INSTRUCTIONS TO FOLLOW: A faithful copy is required of the lines from the top of the entries through the line that contains "#3 person at [618, 667, 649, 760]", both included, with no pictures.

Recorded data
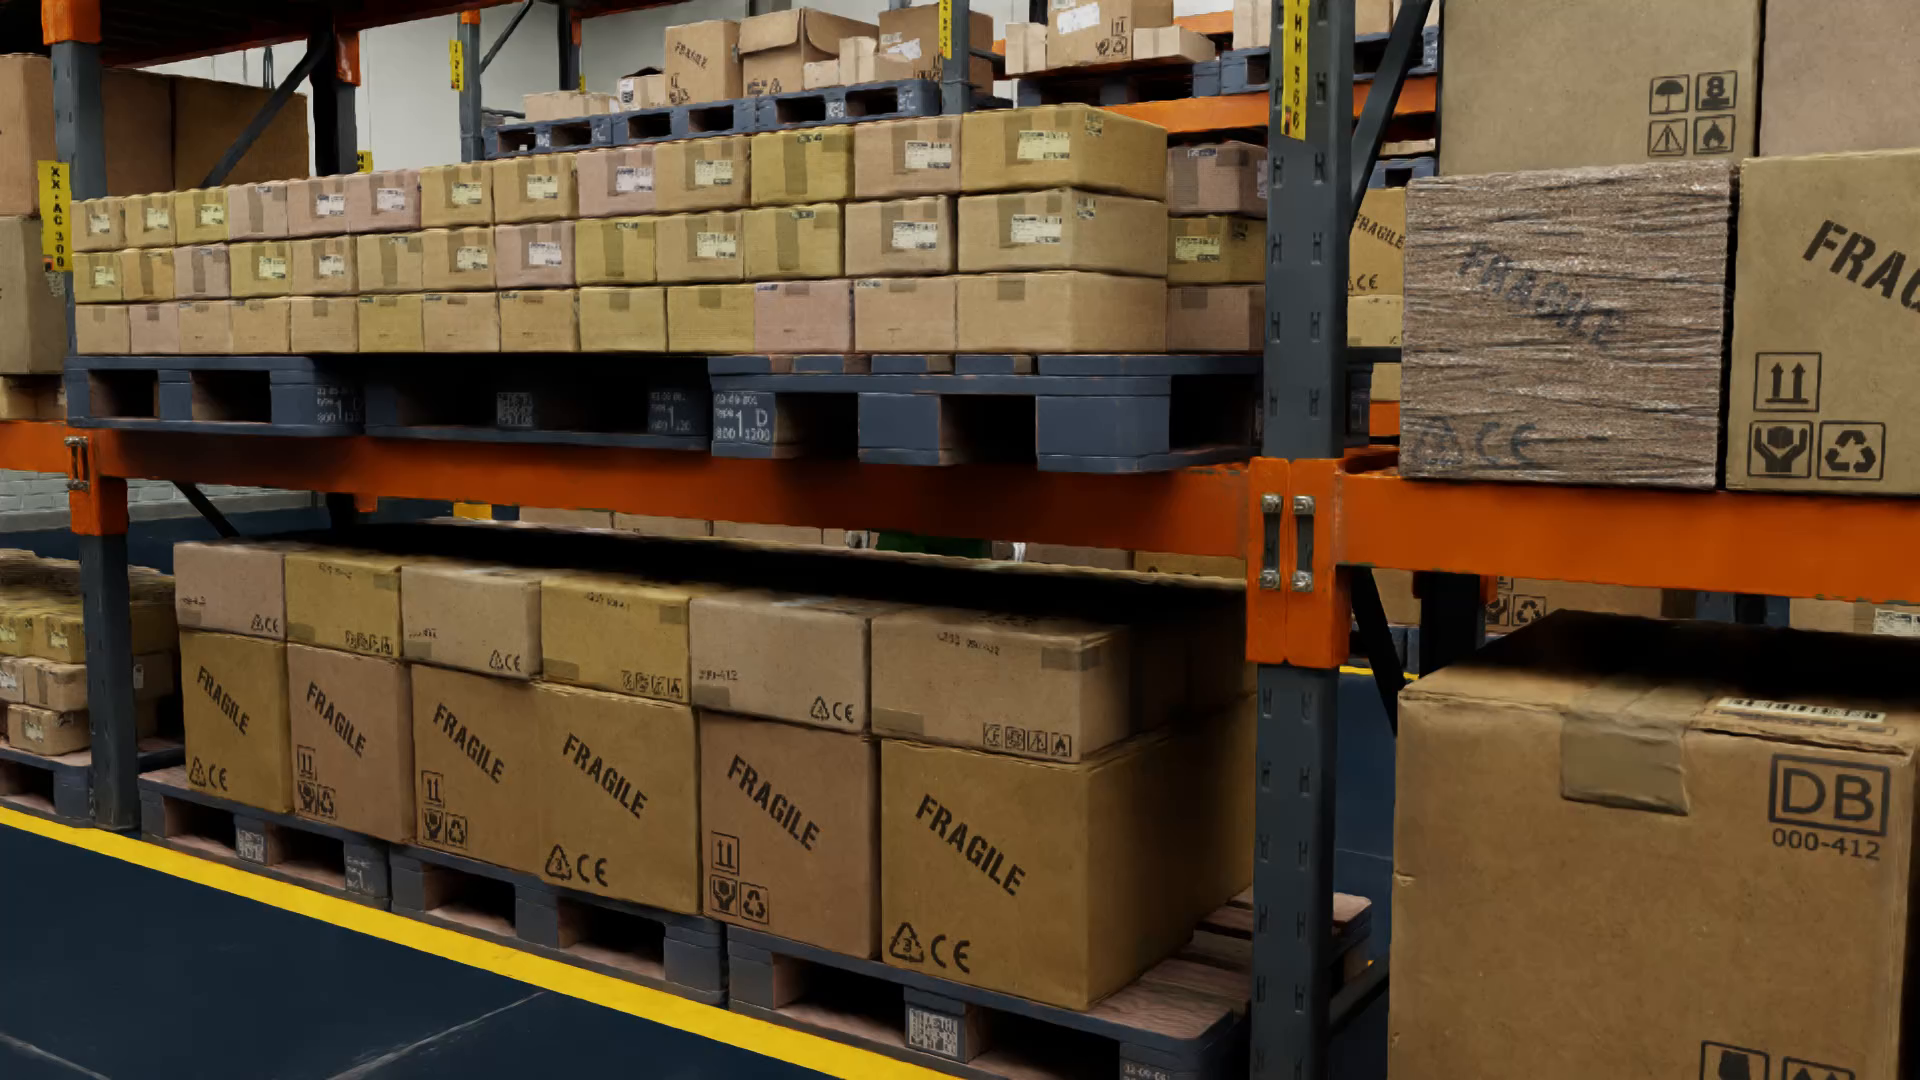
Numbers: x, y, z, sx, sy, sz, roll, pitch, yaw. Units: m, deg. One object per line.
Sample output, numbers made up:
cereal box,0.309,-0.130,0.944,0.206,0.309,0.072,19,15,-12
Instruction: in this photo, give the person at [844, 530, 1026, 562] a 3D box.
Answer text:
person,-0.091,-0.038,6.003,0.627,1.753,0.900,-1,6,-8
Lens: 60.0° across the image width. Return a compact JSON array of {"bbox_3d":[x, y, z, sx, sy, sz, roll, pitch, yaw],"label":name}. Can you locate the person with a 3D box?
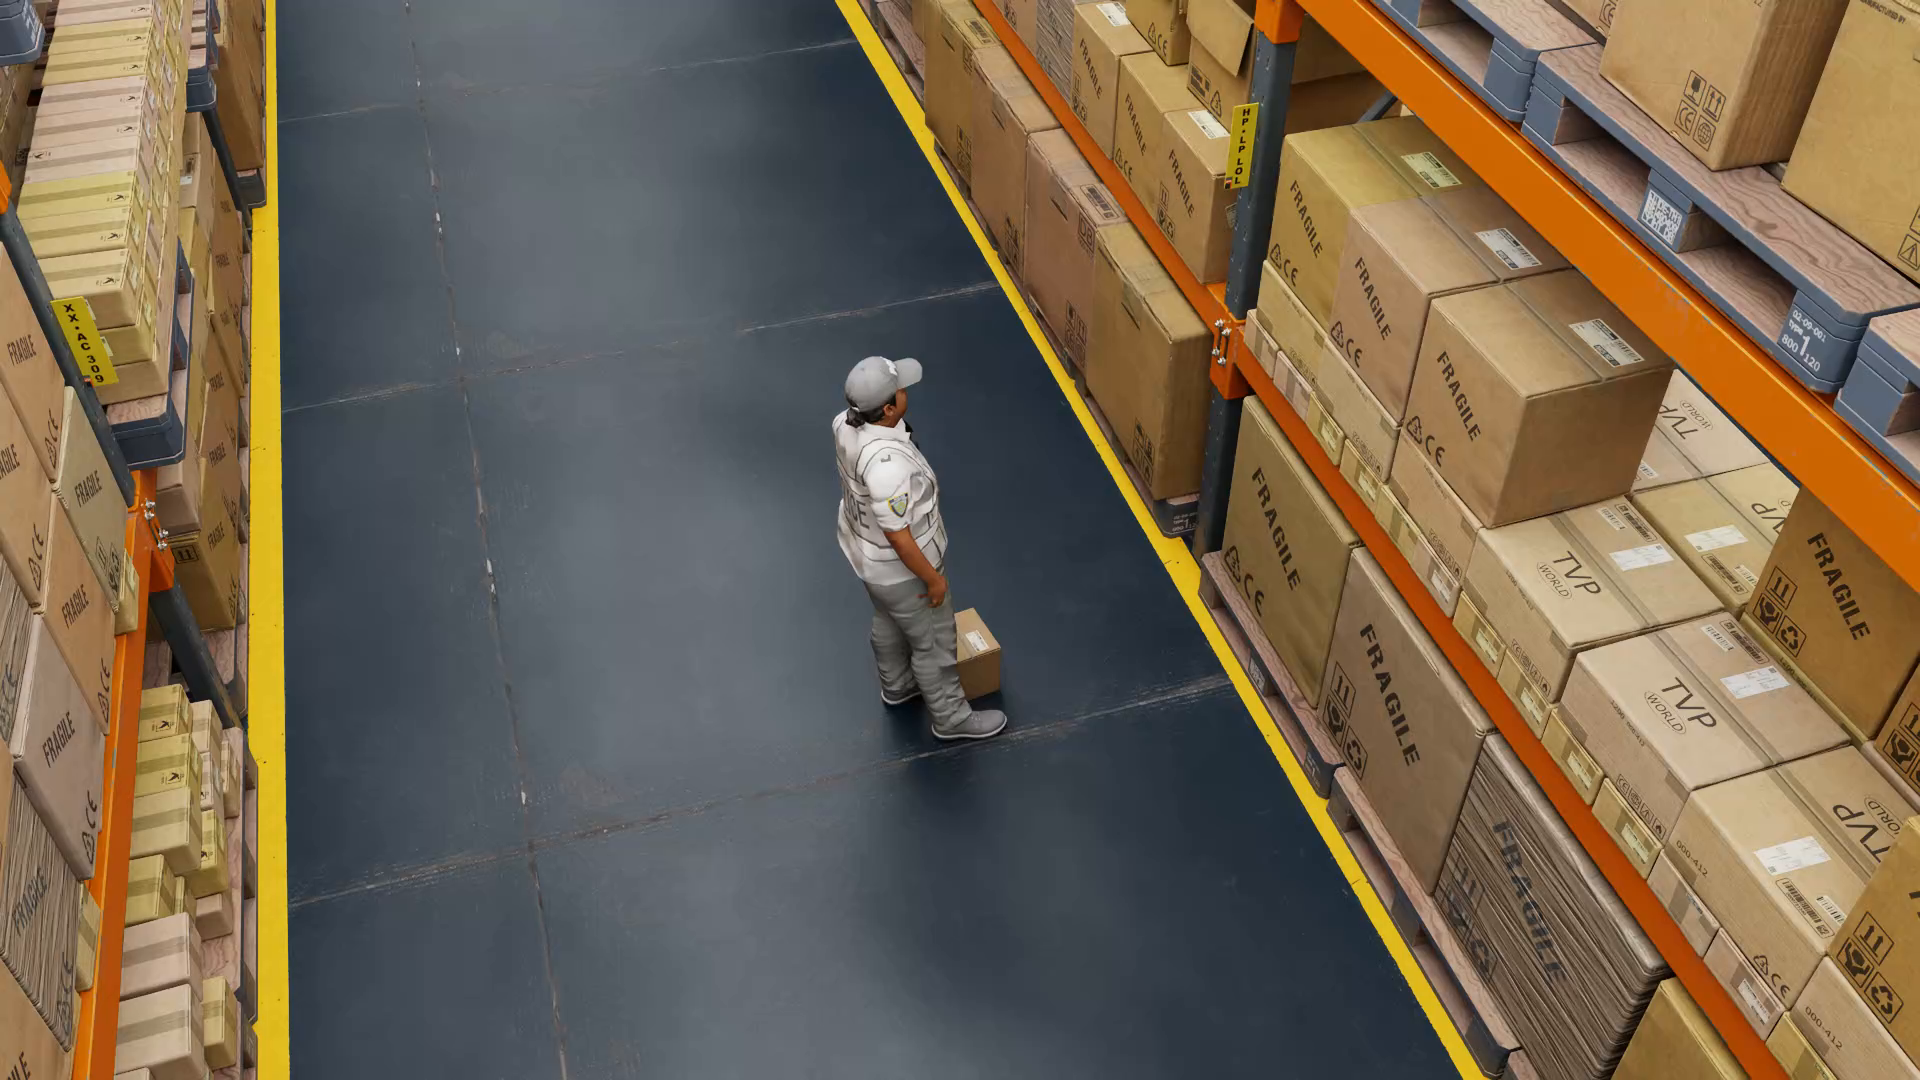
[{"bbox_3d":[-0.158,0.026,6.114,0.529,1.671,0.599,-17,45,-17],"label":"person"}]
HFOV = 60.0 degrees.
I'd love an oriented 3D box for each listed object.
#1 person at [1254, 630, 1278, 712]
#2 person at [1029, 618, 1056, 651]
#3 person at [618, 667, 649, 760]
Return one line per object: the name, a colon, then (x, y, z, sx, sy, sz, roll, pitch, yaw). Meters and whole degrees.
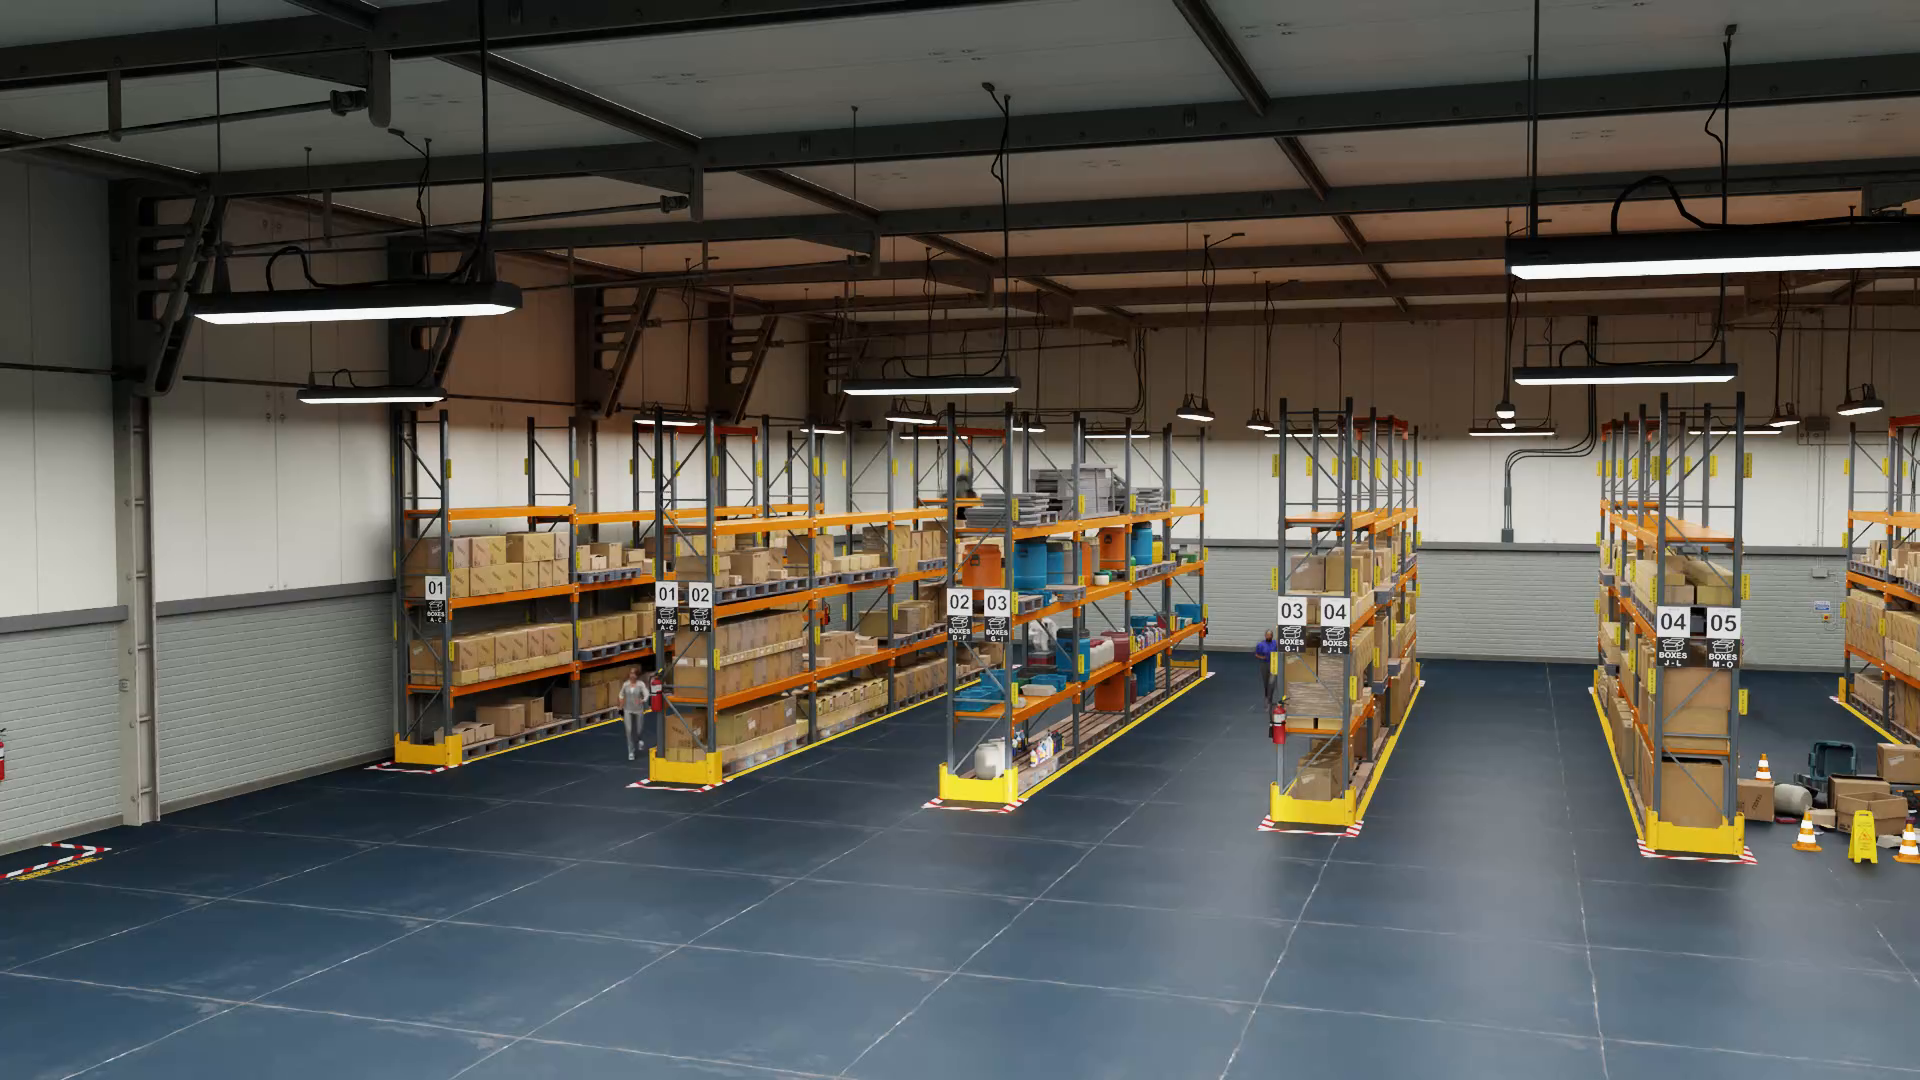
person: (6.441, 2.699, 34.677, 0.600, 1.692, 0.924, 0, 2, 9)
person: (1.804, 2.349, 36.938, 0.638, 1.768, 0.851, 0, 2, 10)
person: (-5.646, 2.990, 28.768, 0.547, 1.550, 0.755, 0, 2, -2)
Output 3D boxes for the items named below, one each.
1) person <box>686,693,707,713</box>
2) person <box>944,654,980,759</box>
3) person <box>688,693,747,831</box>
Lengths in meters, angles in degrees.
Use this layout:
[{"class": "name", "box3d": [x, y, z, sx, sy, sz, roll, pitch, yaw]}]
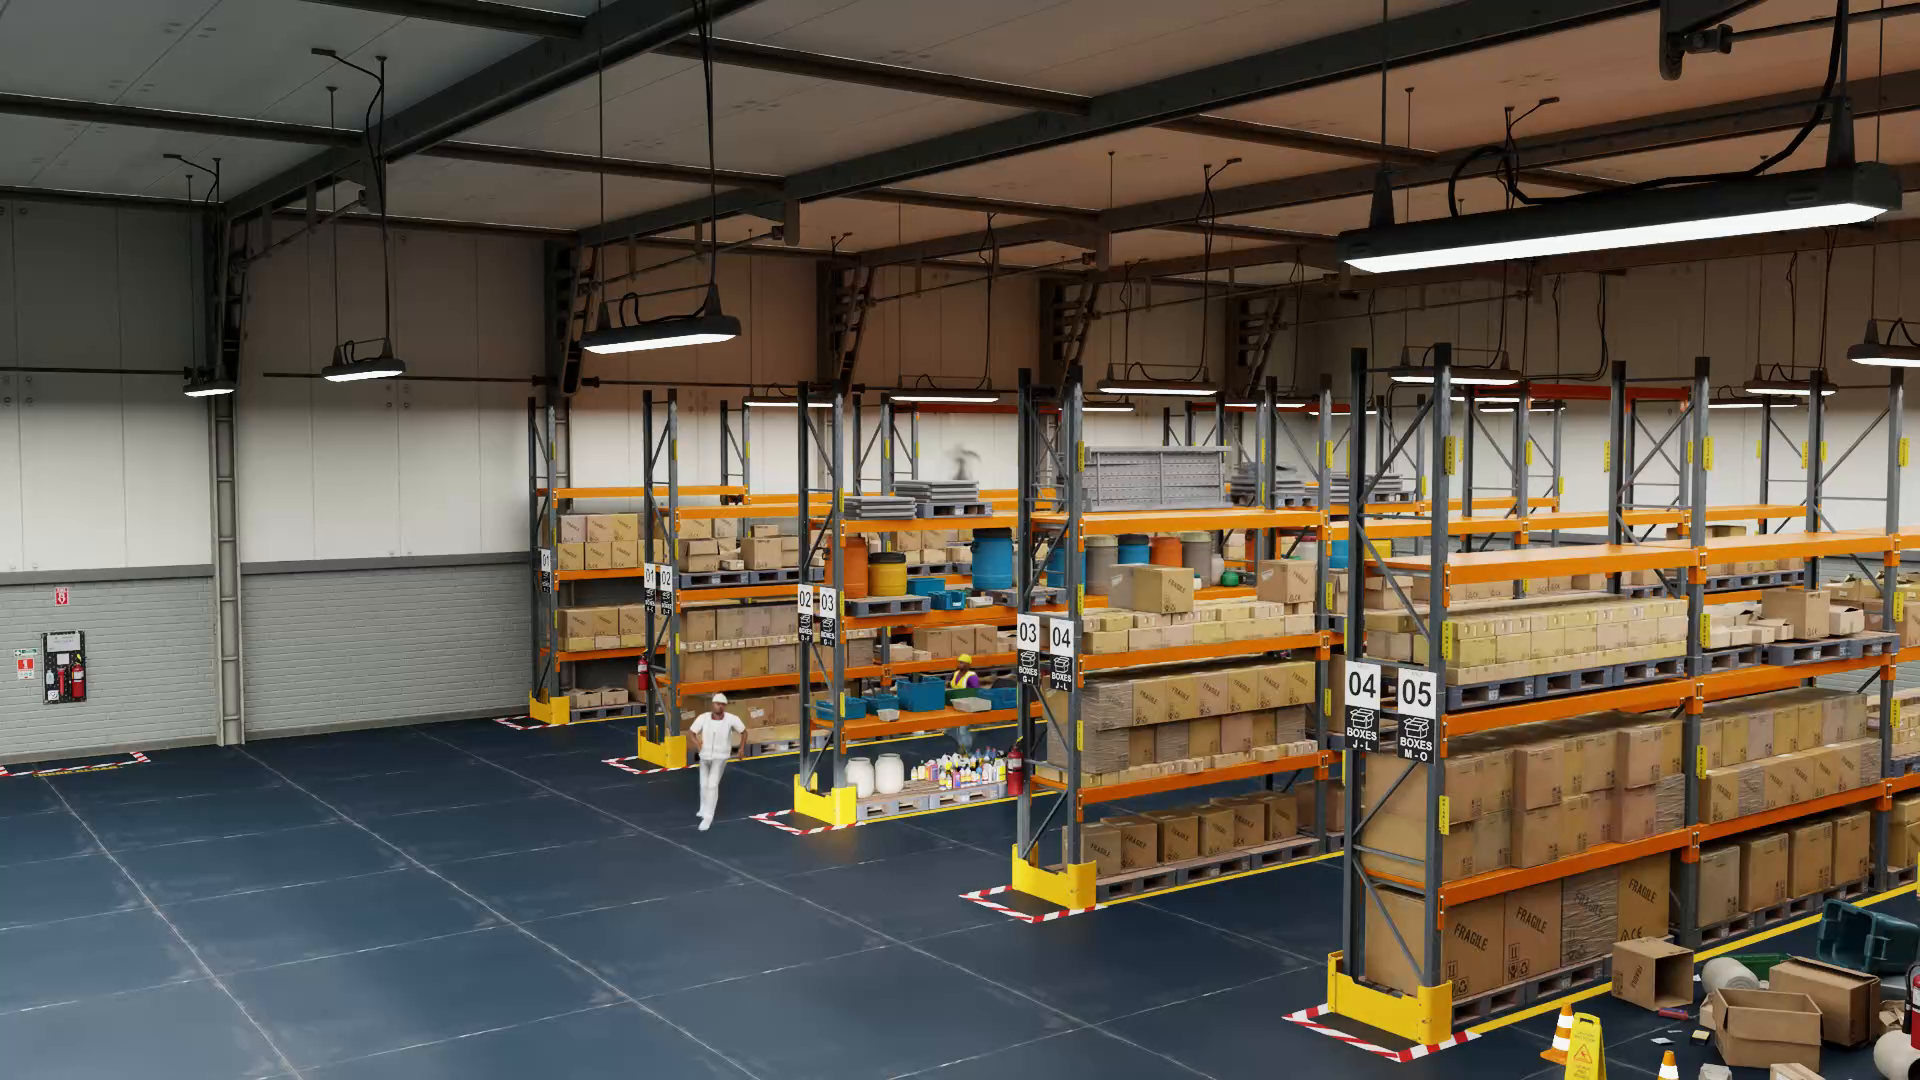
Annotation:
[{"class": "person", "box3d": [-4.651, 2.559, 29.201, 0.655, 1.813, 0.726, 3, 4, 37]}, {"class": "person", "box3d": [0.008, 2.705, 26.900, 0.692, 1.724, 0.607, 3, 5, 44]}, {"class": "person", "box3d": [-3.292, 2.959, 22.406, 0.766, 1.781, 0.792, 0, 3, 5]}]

EXERCISE OUTPUT:
Numbers: x, y, z, sx, sy, sz, roll, pitch, yaw. Units: m, deg. One object per line.
Sample output, numbers made up:
cereal box,0.309,-0.130,0.944,0.206,0.309,0.072,19,15,-12
Instruction: in this photo, give the person at [844, 530, 1026, 562] a 3D box.
Answer text:
person,-0.091,-0.038,6.003,0.627,1.753,0.900,-1,6,-8
Lens: 60.0° across the image width. Return a compact JSON array of {"bbox_3d":[x, y, z, sx, sy, sz, roll, pitch, yaw],"label":name}. Can you locate the person with a 3D box?
[{"bbox_3d":[-0.158,0.026,6.114,0.529,1.671,0.599,-17,45,-17],"label":"person"}]
HFOV = 60.0 degrees.
I'd love an oriented 3D box for each listed object.
#1 person at [1254, 630, 1278, 712]
#2 person at [1029, 618, 1056, 651]
#3 person at [618, 667, 649, 760]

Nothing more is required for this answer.